- Education: Pennsylvania State University New York University School of Law
- Occupations: CEO and co-founder of Allegory Law
- Employer: Crowell & Moring

= Alma Asay =

American businesswoman

Alma Asay was the CEO and co-founder, along with Dana Peterson, of Allegory Law, a legal technology company that provided a software platform for litigation management.

== Career ==
Asay co-founded Allegory Law after departing a career at Gibson Dunn & Crutcher, where she learned from and worked with top litigation attorney Orin Snyder working on complex litigation. Disagreements with Peterson led to the founding team breakup, and Asay had to sell her home to fund the startup, leading to her having to stay on couches of friends and family to extend her financial runway. In addition, in the early stages of the startup, the members of Asay's engineering team were paid in equity; and when they decided the product was ready to launch, Asay disagreed, thinking more work was needed. This forced the company to a standstill, and it took a year to raise the money needed to buy out her partners so she could restart her work.

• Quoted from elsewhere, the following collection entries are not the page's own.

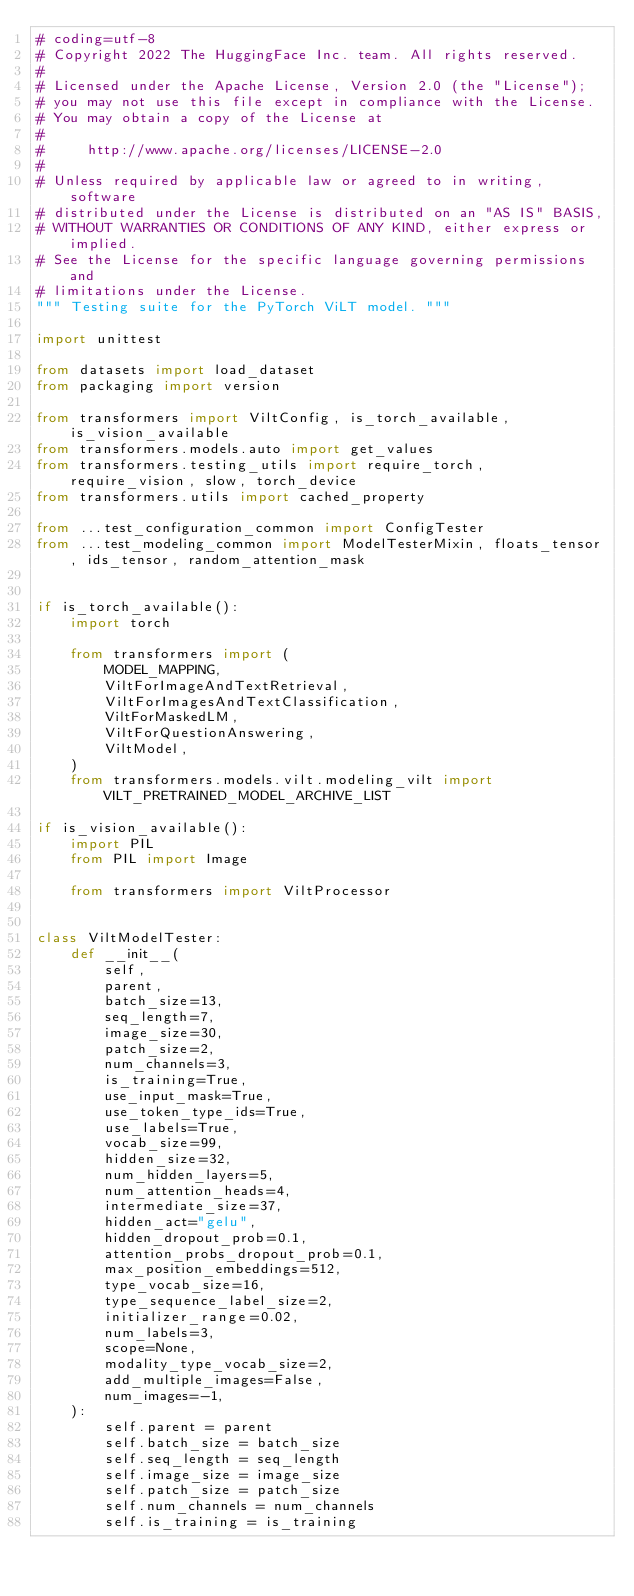<code> <loc_0><loc_0><loc_500><loc_500><_Python_># coding=utf-8
# Copyright 2022 The HuggingFace Inc. team. All rights reserved.
#
# Licensed under the Apache License, Version 2.0 (the "License");
# you may not use this file except in compliance with the License.
# You may obtain a copy of the License at
#
#     http://www.apache.org/licenses/LICENSE-2.0
#
# Unless required by applicable law or agreed to in writing, software
# distributed under the License is distributed on an "AS IS" BASIS,
# WITHOUT WARRANTIES OR CONDITIONS OF ANY KIND, either express or implied.
# See the License for the specific language governing permissions and
# limitations under the License.
""" Testing suite for the PyTorch ViLT model. """

import unittest

from datasets import load_dataset
from packaging import version

from transformers import ViltConfig, is_torch_available, is_vision_available
from transformers.models.auto import get_values
from transformers.testing_utils import require_torch, require_vision, slow, torch_device
from transformers.utils import cached_property

from ...test_configuration_common import ConfigTester
from ...test_modeling_common import ModelTesterMixin, floats_tensor, ids_tensor, random_attention_mask


if is_torch_available():
    import torch

    from transformers import (
        MODEL_MAPPING,
        ViltForImageAndTextRetrieval,
        ViltForImagesAndTextClassification,
        ViltForMaskedLM,
        ViltForQuestionAnswering,
        ViltModel,
    )
    from transformers.models.vilt.modeling_vilt import VILT_PRETRAINED_MODEL_ARCHIVE_LIST

if is_vision_available():
    import PIL
    from PIL import Image

    from transformers import ViltProcessor


class ViltModelTester:
    def __init__(
        self,
        parent,
        batch_size=13,
        seq_length=7,
        image_size=30,
        patch_size=2,
        num_channels=3,
        is_training=True,
        use_input_mask=True,
        use_token_type_ids=True,
        use_labels=True,
        vocab_size=99,
        hidden_size=32,
        num_hidden_layers=5,
        num_attention_heads=4,
        intermediate_size=37,
        hidden_act="gelu",
        hidden_dropout_prob=0.1,
        attention_probs_dropout_prob=0.1,
        max_position_embeddings=512,
        type_vocab_size=16,
        type_sequence_label_size=2,
        initializer_range=0.02,
        num_labels=3,
        scope=None,
        modality_type_vocab_size=2,
        add_multiple_images=False,
        num_images=-1,
    ):
        self.parent = parent
        self.batch_size = batch_size
        self.seq_length = seq_length
        self.image_size = image_size
        self.patch_size = patch_size
        self.num_channels = num_channels
        self.is_training = is_training</code>

Since then, Asay closed a convertible debt round in early 2014, raised $715,000 from individuals in late 2016, and raised $500,000 from legal tech executives and investors in early 2017.

Allegory Law was acquired by New York-based Integreon in November 2017, Asay joined Integreon as Chief Innovation Officer. On March 30, 2022, Asay joined a legal technology company, Litera, where she joined LiteraTV lineup ahead of its launch. A few months thereafter, on August 21, 2020, Litera acquired Allegory Law from Integreon, reuniting the founder to her original legaltech startup. However, Asay has mentioned in interviews that Litera did not consult her during its strategic planning sessions to acquire Allegory Law and she did not take any leadership role with respect to Allegory Law after its acquisition, which had been rebranded as Litera Litigate. As of June 28, 2021, Asay joined the law firm Crowell & Moring as the senior director of practice innovation and client value.

Asay is regularly invited to speak on the topics of legal technology and innovation. She is also vocal on the topic of women entrepreneurs in technology. In 2016, she was named one of the ABA Legal Technology Research Center's Women of Legal Tech, as well as a winner of the FastCase 50.

Asay received her B.A. in Psychology from the Pennsylvania State University, then received her J.D. from the NYU School of Law.